*Your goal*: Look through the entries for the string "pitch", and copy each line that holds it.

*Material shown*:
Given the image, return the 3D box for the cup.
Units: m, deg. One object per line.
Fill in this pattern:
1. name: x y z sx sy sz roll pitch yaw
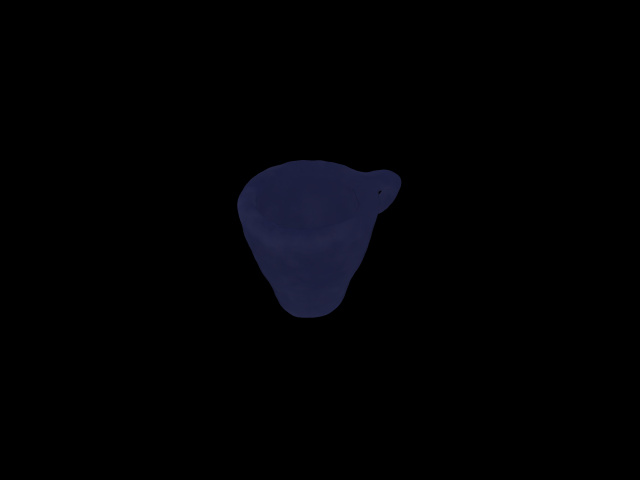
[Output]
1. cup: 0.004 0.001 0.400 0.118 0.095 0.091 -21 45 -23
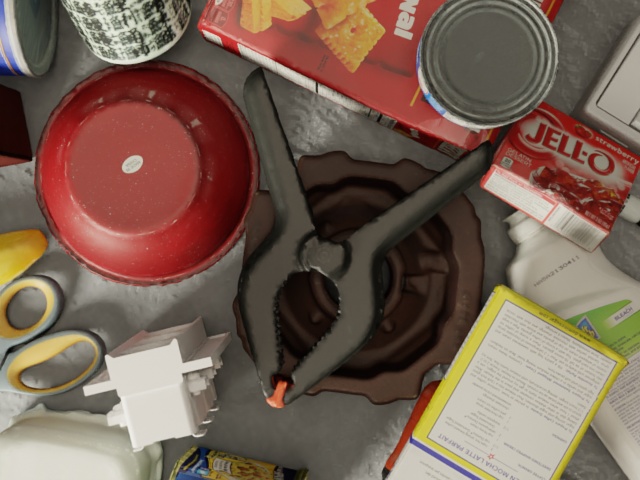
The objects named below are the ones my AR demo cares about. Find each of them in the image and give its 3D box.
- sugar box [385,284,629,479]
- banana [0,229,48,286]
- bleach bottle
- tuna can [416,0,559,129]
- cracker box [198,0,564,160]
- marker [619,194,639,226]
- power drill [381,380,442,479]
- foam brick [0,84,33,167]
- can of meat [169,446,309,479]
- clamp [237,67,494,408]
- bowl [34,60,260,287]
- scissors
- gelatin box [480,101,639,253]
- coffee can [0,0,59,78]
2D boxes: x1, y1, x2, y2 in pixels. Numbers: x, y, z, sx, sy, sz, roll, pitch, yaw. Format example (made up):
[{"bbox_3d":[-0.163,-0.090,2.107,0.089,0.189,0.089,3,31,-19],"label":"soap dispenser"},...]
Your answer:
[{"bbox_3d":[0.109,0.126,0.676,0.093,0.048,0.176,31,93,7],"label":"sugar box"},{"bbox_3d":[-0.292,0.014,0.745,0.198,0.037,0.069,9,92,2],"label":"banana"},{"bbox_3d":[0.212,0.078,0.719,0.102,0.068,0.251,-34,86,-1],"label":"bleach bottle"},{"bbox_3d":[0.103,-0.112,0.665,0.086,0.034,0.086,0,91,0],"label":"tuna can"},{"bbox_3d":[0.047,-0.168,0.719,0.213,0.072,0.164,26,91,1],"label":"cracker box"},{"bbox_3d":[0.194,-0.034,0.740,0.121,0.020,0.020,29,91,2],"label":"marker"},{"bbox_3d":[0.119,0.211,0.722,0.187,0.057,0.184,24,90,2],"label":"power drill"},{"bbox_3d":[-0.235,-0.076,0.724,0.053,0.078,0.051,-10,91,1],"label":"foam brick"},{"bbox_3d":[-0.056,0.176,0.707,0.084,0.102,0.057,13,90,4],"label":"can of meat"},{"bbox_3d":[-0.004,0.001,0.681,0.164,0.036,0.210,25,92,4],"label":"clamp"},{"bbox_3d":[-0.123,-0.048,0.732,0.162,0.055,0.162,0,90,1],"label":"bowl"},{"bbox_3d":[-0.253,0.087,0.755,0.202,0.016,0.096,-15,88,2],"label":"scissors"},{"bbox_3d":[0.159,-0.045,0.705,0.089,0.030,0.073,32,57,4],"label":"gelatin box"},{"bbox_3d":[-0.257,-0.161,0.712,0.140,0.103,0.103,1,90,2],"label":"coffee can"}]

*Your response*:
1. name: x y z sx sy sz roll pitch yaw
2D boxes: x1, y1, x2, y2 in pixels. Numbers: x, y, z, sx, sy, sz, roll, pitch, yaw. Format example (made up):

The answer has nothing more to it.